На крыльце, когда я открыла дверь, устало прислонившись плечом к косяку, стоял солдат. Лица его не было видно, и весь он сливался с весенней влажной ночью, только чуточный лучик света, упавший из избы, на миг высветлил автомат. Я попятилась, и он вошел в избу, обрадованно огляделся, обнаружив, что у нас никого нет на постое.
— Живем! — сказал он весело. — Топи печку, сестренка, пеки блины. На масле. Эх, страсть моя и слабость…
Я стояла, боязливо прижавшись спиной к стенке, и глядела на него, усталого, но веселого, и мне делалось не по себе оттого, что я не могла его попросить за дверь, что мне придется одной быть с ним под нашей крышей.
Я растерянно глядела, как он снял свой автомат и положил его на стул так осторожно, будто это было не стальное, крепко сделанное оружие, а хрупкая скрипка, как он сбросил плащ-палатку, подошел к столу, вытащил из кармана банку консервов, со стуком поставил, оглянулся на меня.
— Приглашаю к столу. Не стесняйся…
Я не двинулась с места.
— Ну как хочешь…
Он достал из-за голенища нож, ловко раскрыл банку и, присев, начал выковыривать тушенку и класть ее в рот. Как бы извиняясь, заговорил:
— Отбился. Не углядел, куда наши завернули. Вот и остался без довольствия.
А я все молчала и глядела, как он ловко поддевал мясо и слизывал его с ножа.
— Ну ты что? Воды бы хоть принесла, — проговорил он и, не дождавшись моего ответа, сам двинулся на кухню. Там забрякали ведра, и скоро он вернулся с ковшом в руках. Выпил воду, вкусно крякнул. — Одна, что ли, дома? Ну ты не бойся… Как звать?
— Маша.
— А меня звать Русин, Алексей Иванович. Алешка просто. Вот и знакомы! Так я у тебя переночую? Вот тут лягу, на пол, ничего?
Он бросил плащ-палатку на пол лег, положив рядом автомат. Я не успела оглянуться, как он уже спал. Пилотка свалилась с его головы, обнажив волосы цвета спелой ржи. Без пилотки он выглядел совсем иначе — вихрастый мальчишка, усталый и чем-то огорченный даже во сне.
Забившись в угол за столом, я, боясь пошевельнуться, глядела, как он спал, хмуря свои светлые брови, шевеля твердыми, уже взрослыми губами. Что со мной случилось? То ли я все еще боялась его, то ли мне жалко его было, только я не могла оторвать от него взгляда.
Я сидела, глядела, как он спал. Я еще не знала тогда, что так спят только дети да еще очень уставшие люди — раскинув руки, хмуря брови и шевеля губами, и все это с такой искренностью, что нельзя было наглядеться.
Вдруг будто дрожь прошла по его телу, оно все напружинилось.
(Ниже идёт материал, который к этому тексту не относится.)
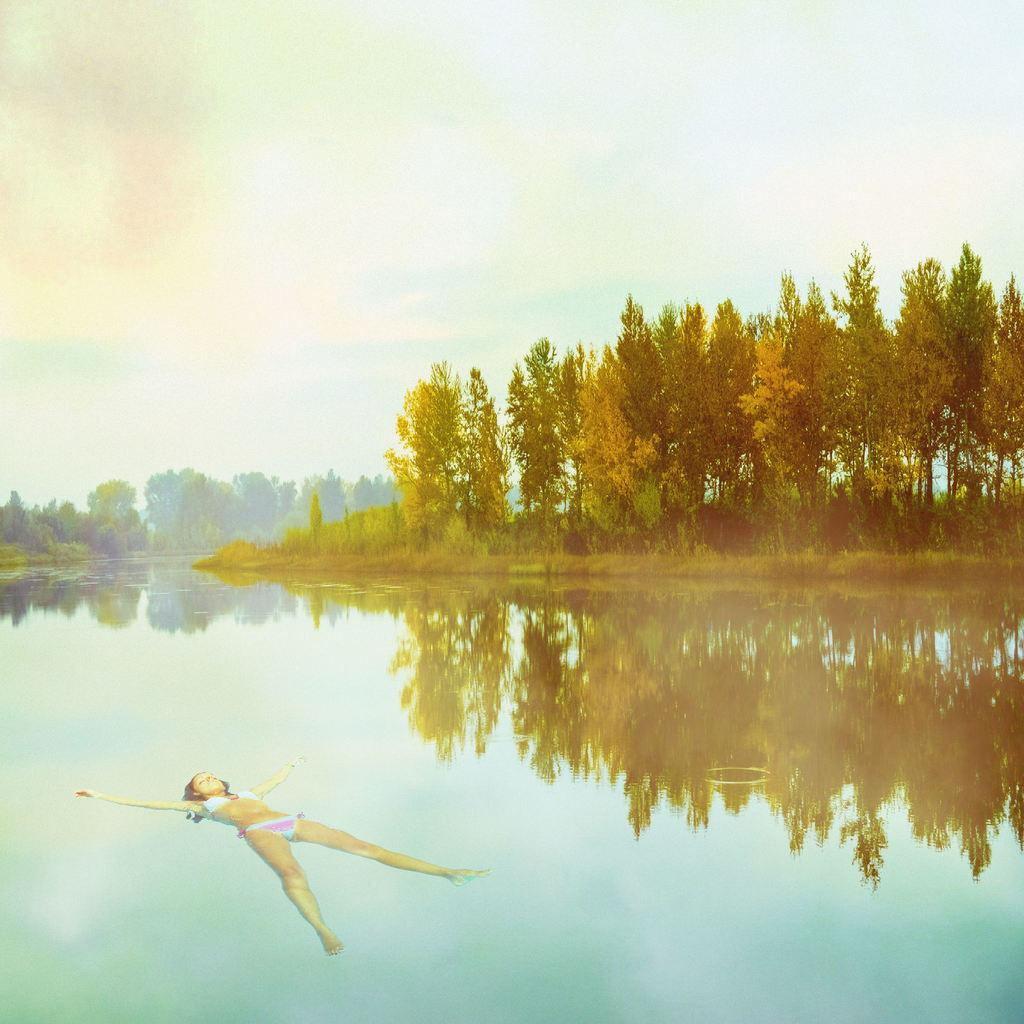What is the woman doing in the image? The woman is in the water. What can be seen in the background of the image? There are trees and the sky visible in the background of the image. How many rabbits can be seen in the image? There are no rabbits present in the image. What type of boot is the woman wearing in the image? The woman is not wearing any boots in the image, as she is in the water.

Правая рука отлетела в сторону, шаря по полу. Наткнувшись на автомат, успокоилась.
Он открыл глаза, и в них не было ни капельки сна.
— Фу, какой сон приснился! А ты что же не спишь? Всю ночь так?
— Ночь? Смешной какой! Только что уснул, и…
— Солдатский сон невесом… А ночь-то в самом деле испарилась. Погляди-ка.
За окном было уже светло от зари. А я не заметила, как прикатило утро.
— Одна живешь? Такая маленькая. Как же так?
Мне было обидно, что он считает меня маленькой, и я, сердясь, ответила:
— И ничего я не маленькая. Сам-то очень большой!
Я сварила на таганке картошку, поставила самовар, отрезала от буханки свою норму и положила Алешке. Мне было немного стыдно, что он ел вчера одну тушенку, без хлеба, спал почти что на голом полу. Не скупердяйка же я какая-нибудь.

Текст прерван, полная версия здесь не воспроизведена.